Public claims with documented evidence gaps
"automatically makes any website fully ADA and WCAG 2.1 compliant"
Compliance / Safety- Source and date
- FTC v. accessiBe Inc. · March 2024
- Evidence signal
- Absolute compliance certification claim without named certification body, tested standards version, or audit scope.
- Evidence gap
- A buyer needs the standards version tested, what a passing audit covers, which elements the AI handles versus what still requires manual developer remediation, and whether the certification is verifiable by an independent auditor.
- Buyer question
- Which WCAG criteria does the overlay satisfy, which require manual work by our development team, and can an independent accessibility auditor verify our site's compliance using this product?
"no bias in recognition across all demographics"
Accuracy / Performance- Source and date
- FTC v. IntelliVision Technologies · December 3, 2024
- Evidence signal
- Zero-bias claim without named demographic groups, error rates by group, test dataset, or external audit.
- Evidence gap
- A buyer needs false acceptance and false rejection rates by demographic group, the dataset used for bias testing, and whether testing was conducted internally or by an independent lab.
- Buyer question
- What demographic groups were included in the bias test, and what were the false acceptance and false rejection rates for each group?
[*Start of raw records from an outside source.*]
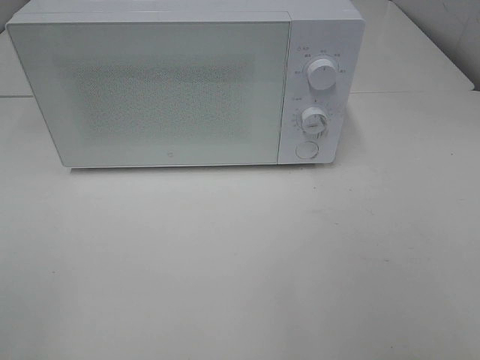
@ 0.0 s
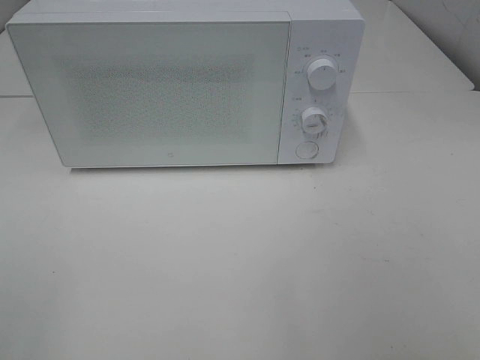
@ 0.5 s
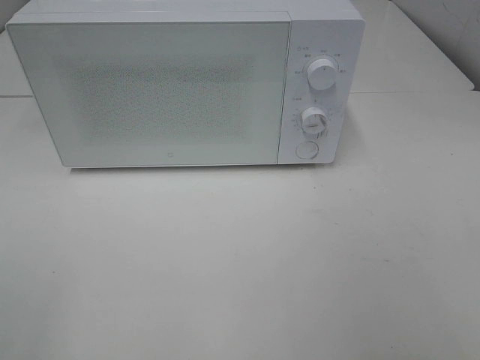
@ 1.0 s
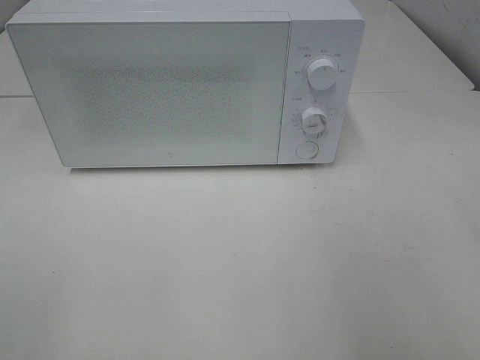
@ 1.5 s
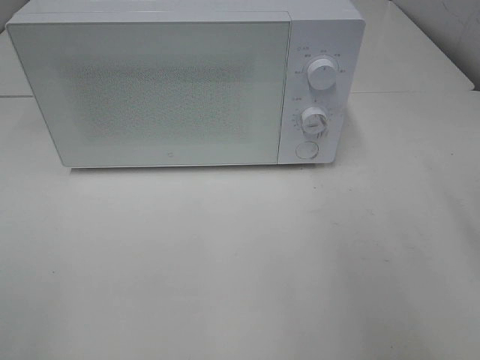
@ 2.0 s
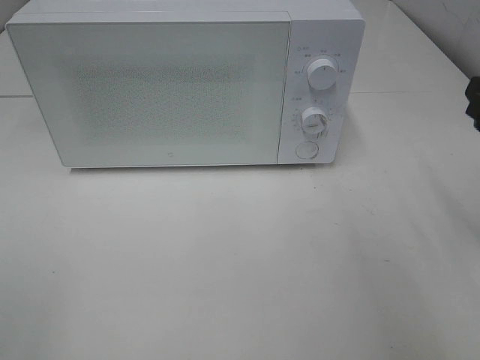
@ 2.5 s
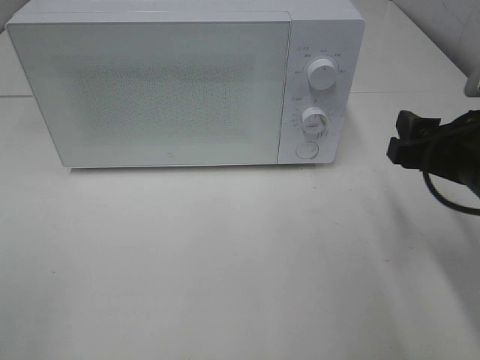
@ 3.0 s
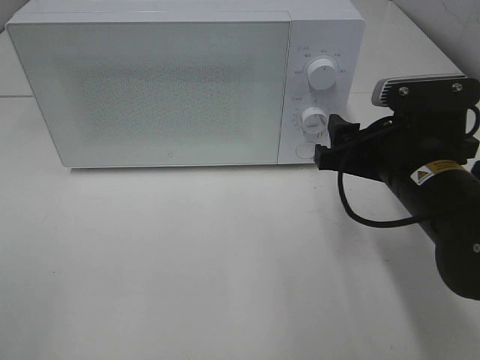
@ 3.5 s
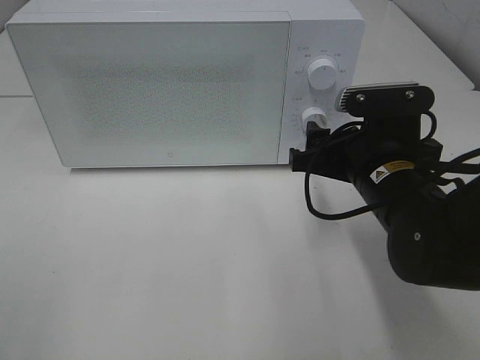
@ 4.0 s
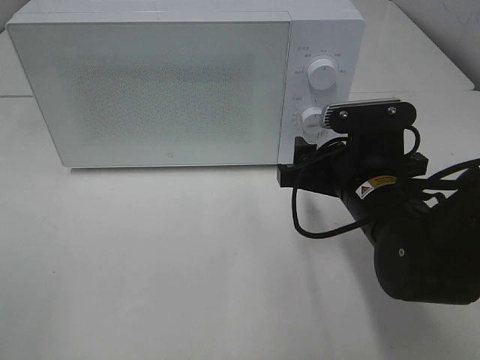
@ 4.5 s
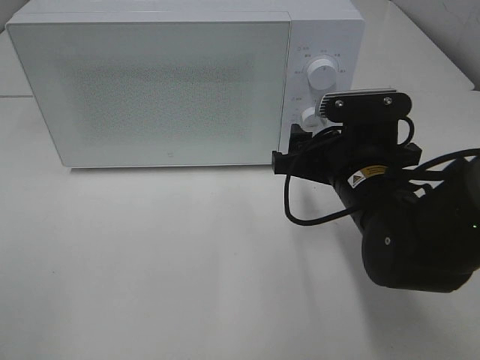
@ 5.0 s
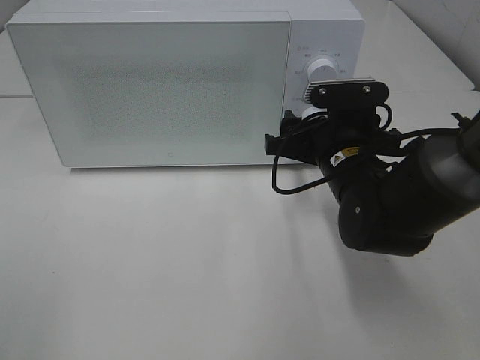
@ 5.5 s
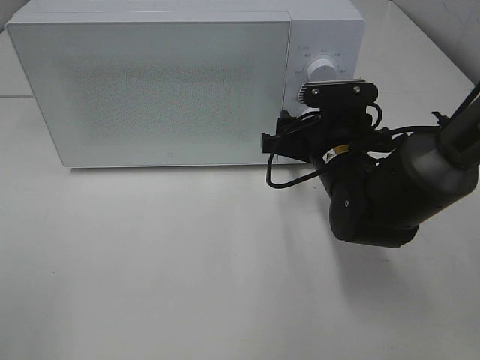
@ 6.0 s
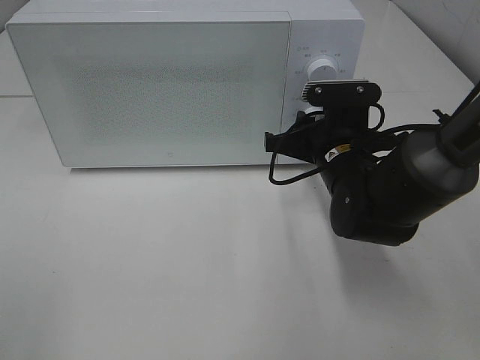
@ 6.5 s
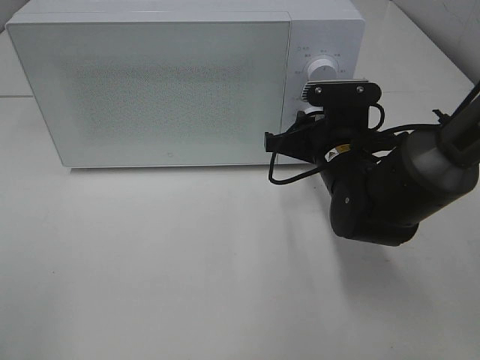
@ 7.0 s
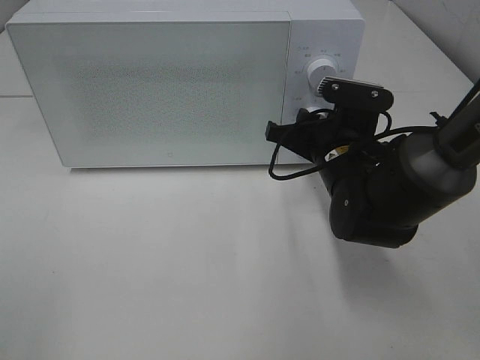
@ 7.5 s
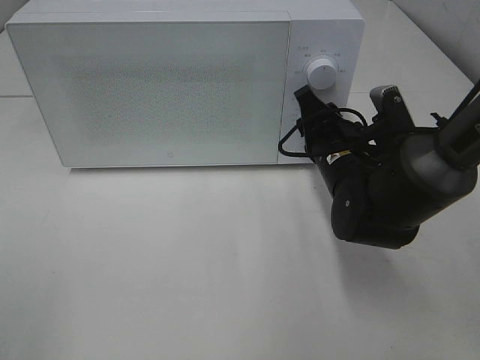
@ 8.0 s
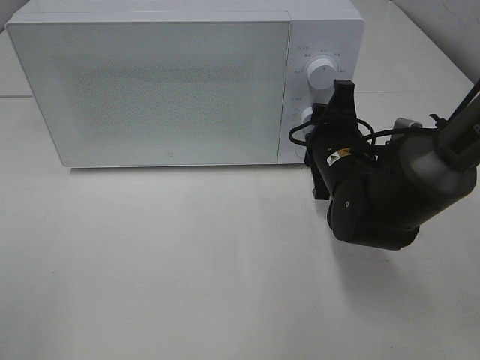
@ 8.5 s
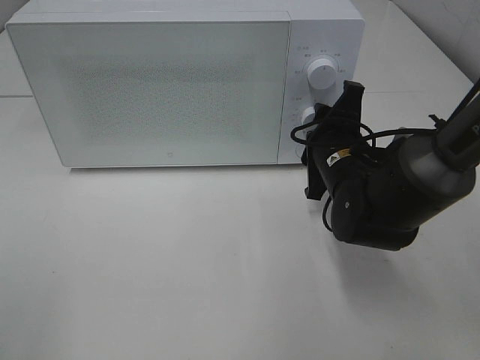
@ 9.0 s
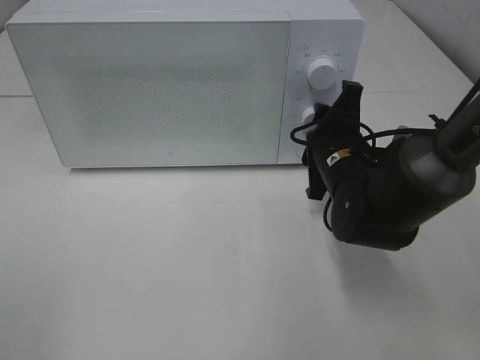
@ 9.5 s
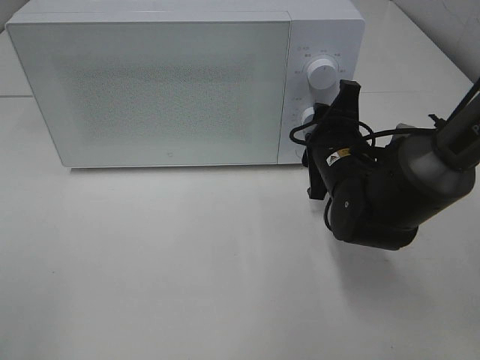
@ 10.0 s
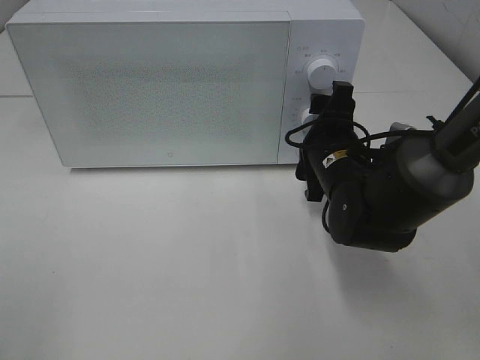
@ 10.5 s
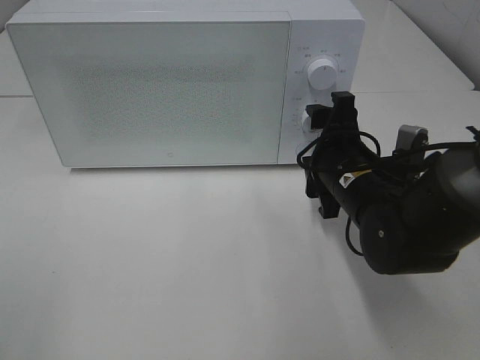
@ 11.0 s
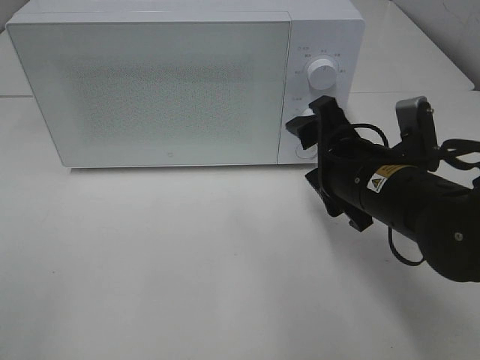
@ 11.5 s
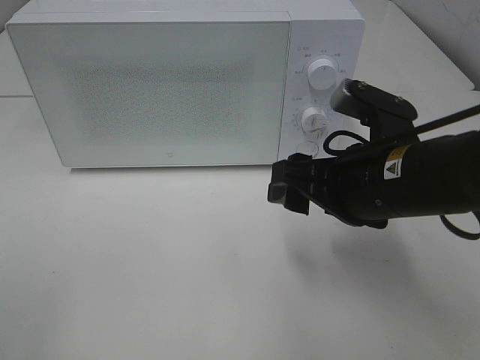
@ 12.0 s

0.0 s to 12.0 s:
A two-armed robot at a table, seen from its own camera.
Task of the whole recording: Heat Sandwich.
Step, 0.0 to 11.0 s: Right hand: twist timer button.
2.0 to 4.0 s: The right gripper heads to the left, downward and forward, covering some 20 cm.
4.0 to 6.0 s: The right gripper is displaced forward by some 5 cm.
6.0 to 8.0 s: The right gripper closes up.
10.0 to 12.0 s: The right gripper travels backward and upward by approximately 10 cm.

"the world's first robot lawyer that can handle any legal matter"
Automation / Replacement- Source and date
- FTC v. DoNotPay Inc. · February 2025
- Evidence signal
- Professional replacement claim without scope statement, failure-handling disclosure, or guidance on when human professional review remains necessary.
- Evidence gap
- A buyer needs a clear statement of which legal tasks the product performs, which it cannot perform, when its output must be reviewed by a licensed attorney, and what happens when the product makes an error.
- Buyer question
- Which specific legal tasks does the product complete accurately, and for which tasks does the output need to be reviewed by a licensed attorney before relying on it?
Claim review checklist
- 1. Inventory every AI-specific claim Claim inventory
List all claims on the vendor's product page, demo, and sales deck that involve accuracy, compliance, replacement, ROI, or uniqueness. Do not rely on any claim that does not have supporting evidence.
- 2. Ask for benchmark conditions that match your environment Accuracy / Performance
Request the benchmark dataset, task scope, sample size, threshold setting, and deployment conditions. If the vendor's test environment differs from yours, ask for evidence from conditions that match your workflow.
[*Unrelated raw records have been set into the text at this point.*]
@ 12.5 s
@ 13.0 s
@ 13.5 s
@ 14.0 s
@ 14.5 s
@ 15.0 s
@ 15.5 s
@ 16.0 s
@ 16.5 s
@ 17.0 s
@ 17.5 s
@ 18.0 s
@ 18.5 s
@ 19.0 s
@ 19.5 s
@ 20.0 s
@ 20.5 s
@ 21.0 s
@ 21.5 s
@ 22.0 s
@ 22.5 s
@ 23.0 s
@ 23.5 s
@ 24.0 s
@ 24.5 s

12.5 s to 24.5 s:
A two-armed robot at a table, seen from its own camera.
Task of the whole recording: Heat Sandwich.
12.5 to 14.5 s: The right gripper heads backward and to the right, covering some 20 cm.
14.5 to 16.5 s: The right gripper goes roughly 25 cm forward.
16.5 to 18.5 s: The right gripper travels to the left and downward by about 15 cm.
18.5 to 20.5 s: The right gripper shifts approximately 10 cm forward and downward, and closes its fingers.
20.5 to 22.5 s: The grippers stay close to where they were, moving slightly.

- 3. Verify compliance and certification claims independently Compliance / Safety
Ask for the certification body name, audit period, scope boundaries, and whether your configuration and data environment are covered. Self-attestation without an independent auditor is not the same as certification.
- 4. Request ROI evidence from deployments similar to yours ROI / Outcome
Ask for the customer case study conditions: company size, workflow, baseline process, and measurement period. A cost-saving figure from a different industry or deployment type may not apply to your environment.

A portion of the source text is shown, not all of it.